The home products category is estimated to have decreased about 9 percent as well as the computer and tablet category is projected to have declined about 35 percent. The company projects e-commerce business comparable sales were up about 59 percent.
"The computer and tablet industry continues to be negatively impacted by declining consumer demand. Additionally, we made a decision not to participate in certain areas of the computer and tablet business that were not profitable," May added.
Further, the company said it is withdrawing its EBITDA guidance for the full-year 2015, outlook fiscal year 2015 EBITDA outlook due to the projected non-cash charges to be incurred related to a valuation allowance for its deferred tax assets and impairment of certain stores coupled with uncertain current market conditions. The charges are related to the quarter ended December 31, 2014.

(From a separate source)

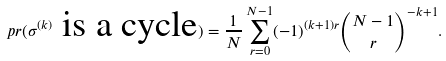<formula> <loc_0><loc_0><loc_500><loc_500>\ p r ( \sigma ^ { ( k ) } \text { is a cycle} ) = \frac { 1 } { N } \sum _ { r = 0 } ^ { N - 1 } ( - 1 ) ^ { ( k + 1 ) r } \binom { N - 1 } { r } ^ { - k + 1 } .</formula> 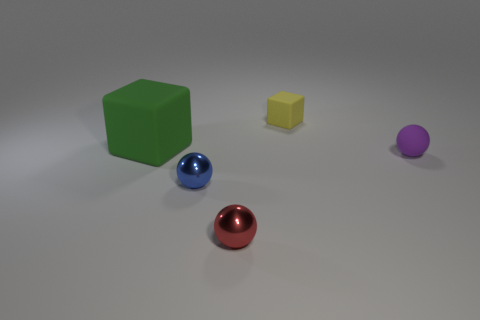Add 2 small blue metal cylinders. How many objects exist? 7 Subtract all balls. How many objects are left? 2 Subtract all big green things. Subtract all purple objects. How many objects are left? 3 Add 4 tiny purple spheres. How many tiny purple spheres are left? 5 Add 4 big purple matte balls. How many big purple matte balls exist? 4 Subtract 0 gray blocks. How many objects are left? 5

The company said it expects the combined impact of these non-cash pre-tax charges to be $60 million to $70 million and is currently in the process of finalizing that determination.
The company added that the impairment charge is based on current trends in under-performing markets and the lack of visibility to the recoverability of the assets associated with those stores. However, it does not currently have plans to close any of its store locations.
Robert Riesbeck, CFO said, "While the accounting related charges are significant, it is important to note that these charges are non-cash items. The company finished the quarter in a strong liquidity position with a cash balance of approximately $27 million and no outstanding borrowings."
The company scheduled to report financial results for the third quarter on January 29, 2015.
HGG closed Monday's regular trading session at $7.25, down $0.10 on a volume of 0.23 million shares.